- Antiviral medications and COVID-19 PCR testing are becoming more widely available in Ontario.
- According to the province, antiviral medication should be started within 5 days of the onset of symptoms in most cases.
- During his first news conference in a month, Moore emphasized the importance of vaccinations.
As the province grapples with an upsurge in infections and hospitalizations, the Ontario government makes antiviral medicines and PCR testing for COVID-19 more readily available.
High-risk persons who are impaired and at greater risk of severe side effects after contracting COVID-19 are included in the revised eligibility announced on Monday.
PCR testing, as well as assessment for antiviral medicines like Paxlovid, are currently available for the following groups:
- Immunocompromised adults and children aged 18 and up.
- Individuals in their seventies and eighties.

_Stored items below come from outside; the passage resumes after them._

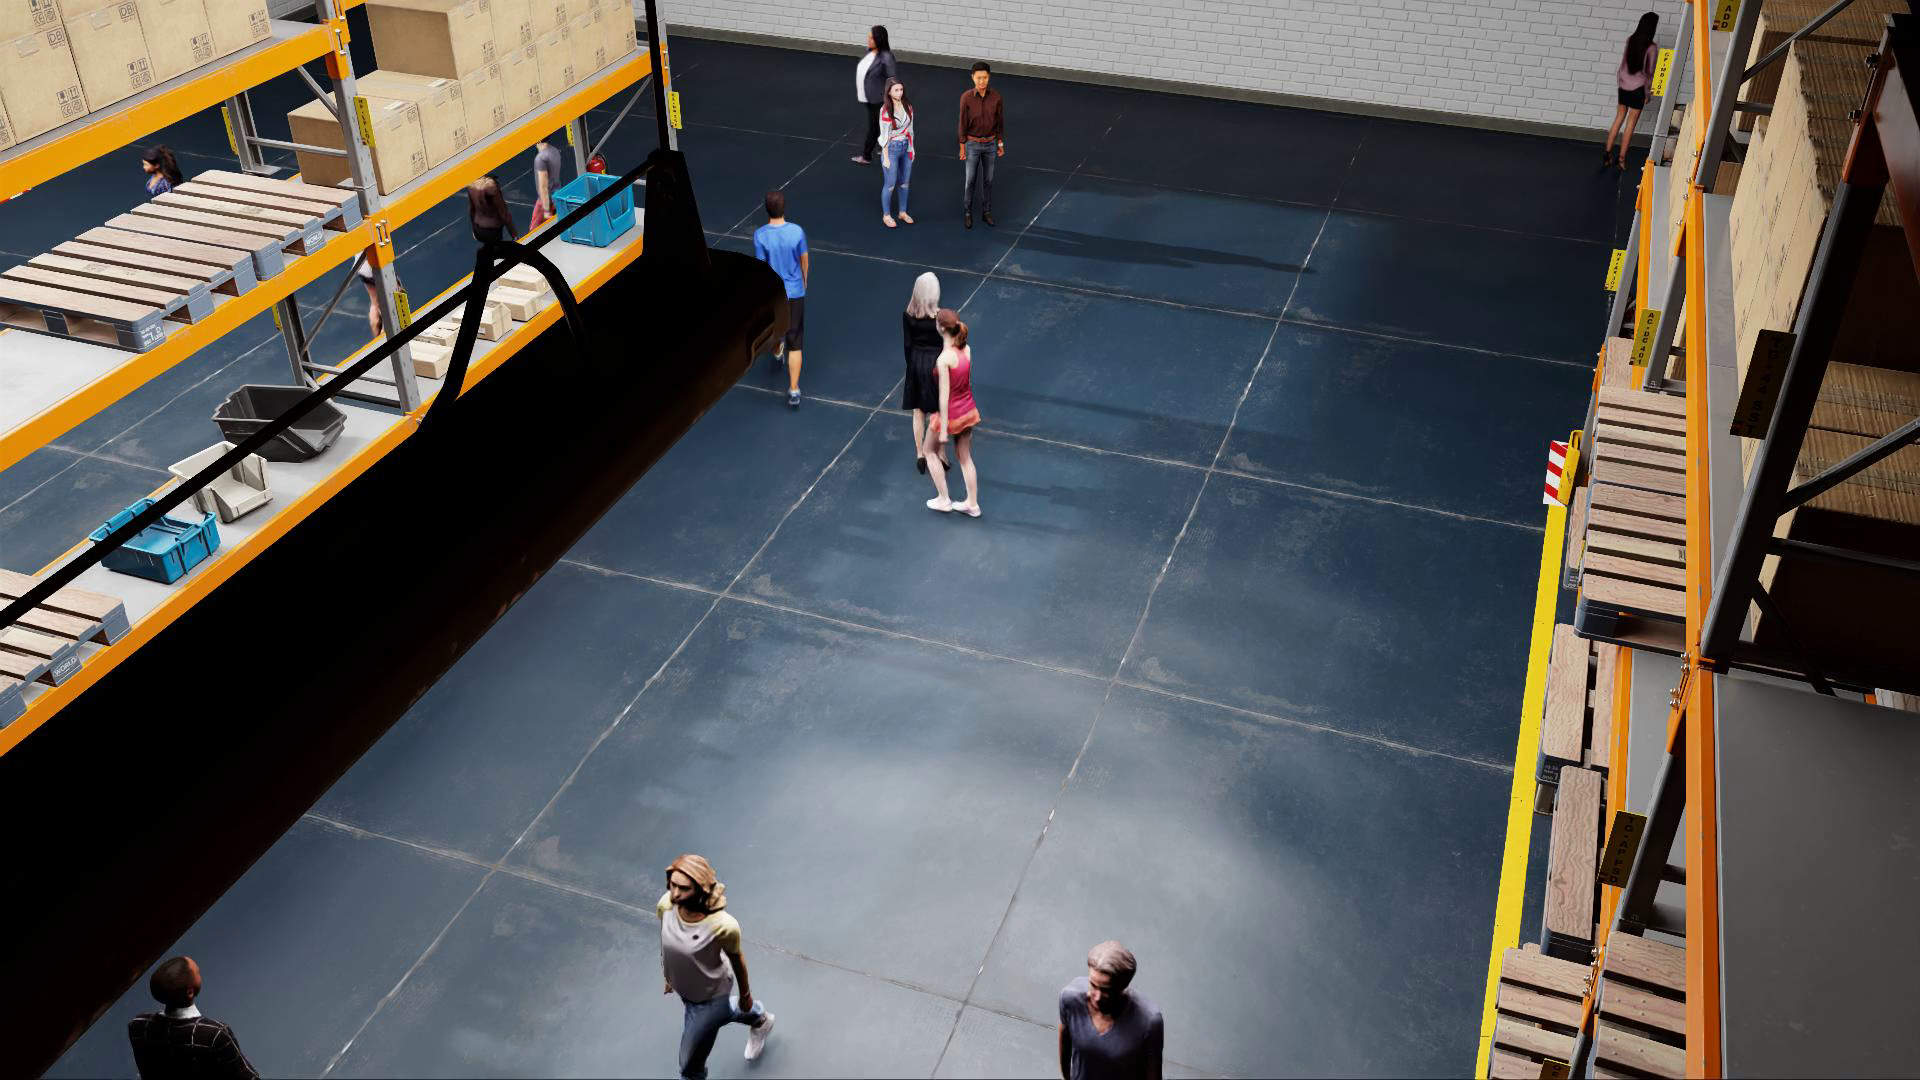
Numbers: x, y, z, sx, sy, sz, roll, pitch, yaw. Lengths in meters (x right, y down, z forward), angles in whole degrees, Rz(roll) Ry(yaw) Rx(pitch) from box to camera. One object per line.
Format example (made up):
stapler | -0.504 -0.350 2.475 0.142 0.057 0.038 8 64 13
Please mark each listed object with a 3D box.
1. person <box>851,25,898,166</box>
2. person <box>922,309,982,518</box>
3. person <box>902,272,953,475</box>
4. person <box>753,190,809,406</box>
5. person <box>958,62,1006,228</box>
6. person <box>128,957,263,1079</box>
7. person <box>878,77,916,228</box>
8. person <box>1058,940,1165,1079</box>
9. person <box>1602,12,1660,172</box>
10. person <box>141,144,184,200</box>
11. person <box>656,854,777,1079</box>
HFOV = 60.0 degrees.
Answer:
person | -0.895 -5.175 19.308 1.073 1.564 0.975 -19 38 -26
person | 0.017 -0.914 12.748 0.785 1.729 0.707 25 41 32
person | -0.245 -1.334 13.364 0.622 1.747 0.595 7 34 11
person | -1.505 -2.042 14.372 1.002 1.810 1.309 -4 34 -6
person | 0.220 -4.198 17.643 0.719 1.779 0.717 -8 34 -11
person | -3.357 2.640 7.360 0.755 1.774 1.232 8 34 12
person | -0.676 -4.139 17.705 0.615 1.612 0.721 -24 40 -31
person | 0.719 2.469 7.565 0.668 1.833 1.212 11 35 16
person | 7.674 -5.120 19.001 0.737 1.811 0.702 -18 38 -25
person | -7.523 -3.037 16.058 1.041 1.601 0.902 -25 41 -33
person | -1.207 2.149 8.182 0.799 1.683 1.221 19 38 26
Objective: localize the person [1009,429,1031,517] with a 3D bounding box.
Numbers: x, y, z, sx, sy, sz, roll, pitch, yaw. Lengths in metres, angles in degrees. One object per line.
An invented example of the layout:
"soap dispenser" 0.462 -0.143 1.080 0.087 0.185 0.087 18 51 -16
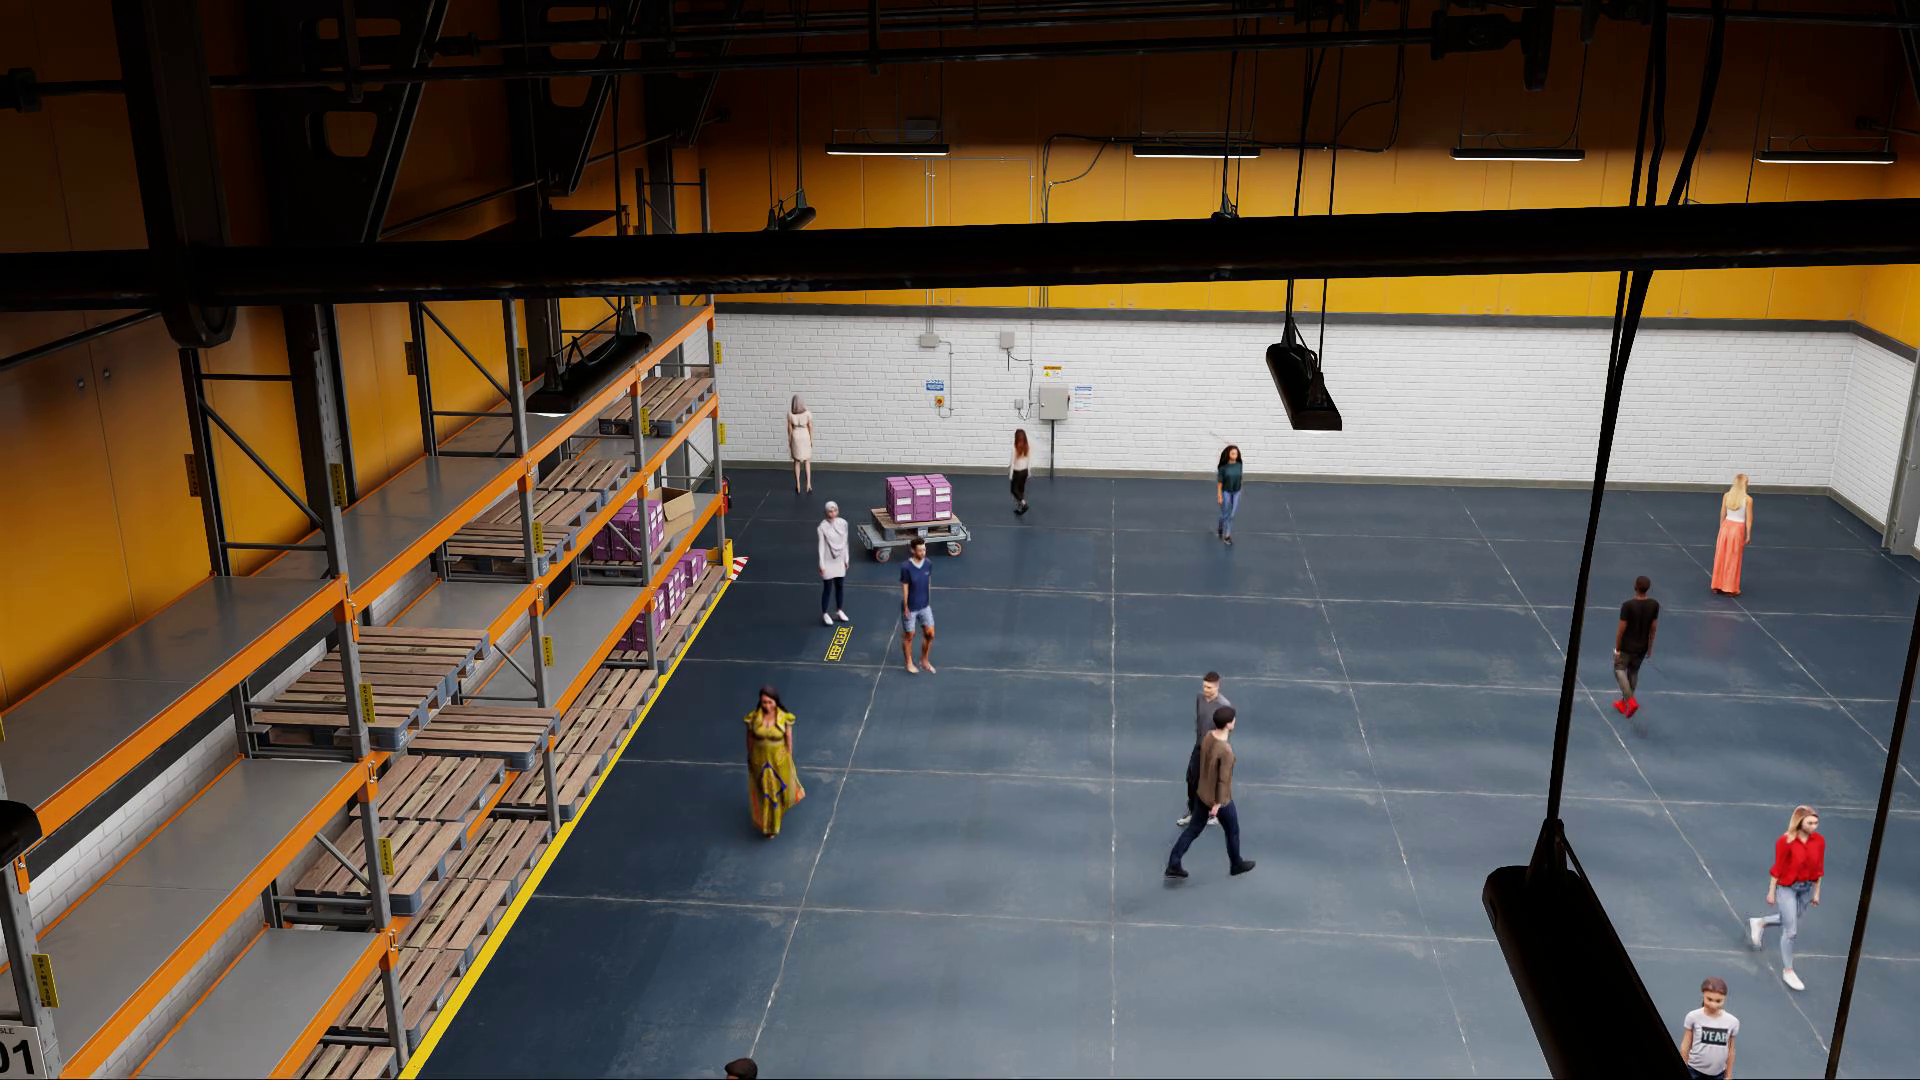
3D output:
"person" 1.026 -1.089 27.527 0.750 1.474 0.821 -11 22 -31

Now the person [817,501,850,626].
"person" -1.748 0.295 22.953 0.705 1.769 0.722 -9 21 -25

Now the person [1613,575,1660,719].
"person" 8.096 1.308 19.909 0.733 1.792 0.954 -1 19 -4

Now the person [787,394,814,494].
"person" -2.763 -1.681 28.876 0.621 1.734 0.586 -1 19 -3

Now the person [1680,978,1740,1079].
"person" 5.555 3.951 12.424 0.561 1.561 0.546 3 19 10

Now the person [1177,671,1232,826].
"person" 2.695 2.160 17.452 0.902 1.745 0.836 -17 25 -41

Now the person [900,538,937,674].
"person" -0.622 0.816 21.310 0.783 1.830 0.836 -10 21 -28

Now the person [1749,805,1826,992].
"person" 7.366 3.090 14.788 0.793 1.684 1.094 -3 19 -8

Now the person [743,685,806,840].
"person" -1.974 2.260 17.318 0.911 1.643 1.141 -2 19 -6

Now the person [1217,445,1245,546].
"person" 4.245 -0.740 26.280 0.690 1.608 0.730 -5 19 -14

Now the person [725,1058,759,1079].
"person" -1.473 4.337 11.568 0.739 1.715 0.751 18 25 42

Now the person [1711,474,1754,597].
"person" 11.159 -0.085 24.024 0.791 1.805 0.716 -13 22 -33

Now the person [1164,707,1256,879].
"person" 2.398 2.515 16.243 1.122 1.844 1.225 -9 20 -24

- Individuals over the age of 60 have had fewer than 3 vaccine doses.
- Individuals aged 18 and above who have had fewer than three vaccination doses and have at least one risk factor.
To see if they are qualified for the treatment, people can take an online examination.
The province will allow chosen pharmacies to distribute Paxlovid treatments with a prescription later this week. At 8 a.m. on Wednesday, a complete list of participating pharmacies will be accessible here.
According to the province, in most cases, antiviral treatment must start within 5 days of the onset of symptoms. Three pills, twice a day, for 5 days in a row is a full course of treatment.
As a result, persons in a higher risk group who have symptoms should seek testing and treatment from their healthcare practitioner or a health assessment center as soon as possible.
“Antiviral medication, including the oral antiviral Paxlovid, can prevent hospitalizations, protect hospital capacity, and safeguard patients at high risk of catastrophic health consequences,” said Dr. Kieran Moore, Ontario’s Chief Medical Officer of Health, at a press conference on Monday. “Talk to your primary care provider ahead of time, even if you don’t have symptoms, to see if the treatment is right for you if you get sick and have a plan.”
“Even if a patient does not fall into one of the high-risk groups, healthcare practitioners can assess if an antiviral medication is suitable for them based on their unique circumstances.”
According to officials, patients can also be evaluated for antiviral medication if they have a positive fast antigen test.
Paxlovid, an oral antiviral made by Pfizer and licensed by Health Canada earlier this year, is expected to be available throughout 2022, according to the province.
Before today’s announcement, the medicine was only offered to immunocompromised individuals, unvaccinated persons aged 60 and up, and unvaccinated people aged 50 and up who were Indigenous or had one or more risk factors.
Moore emphasized the necessity of being vaccinated during his first news conference in nearly a month. In Ontario, residents aged 60 and older are being asked to schedule their fourth doses 5 months after getting their third.
Moore also advises that people continue wearing masks as the pandemic enters its sixth wave in Ontario.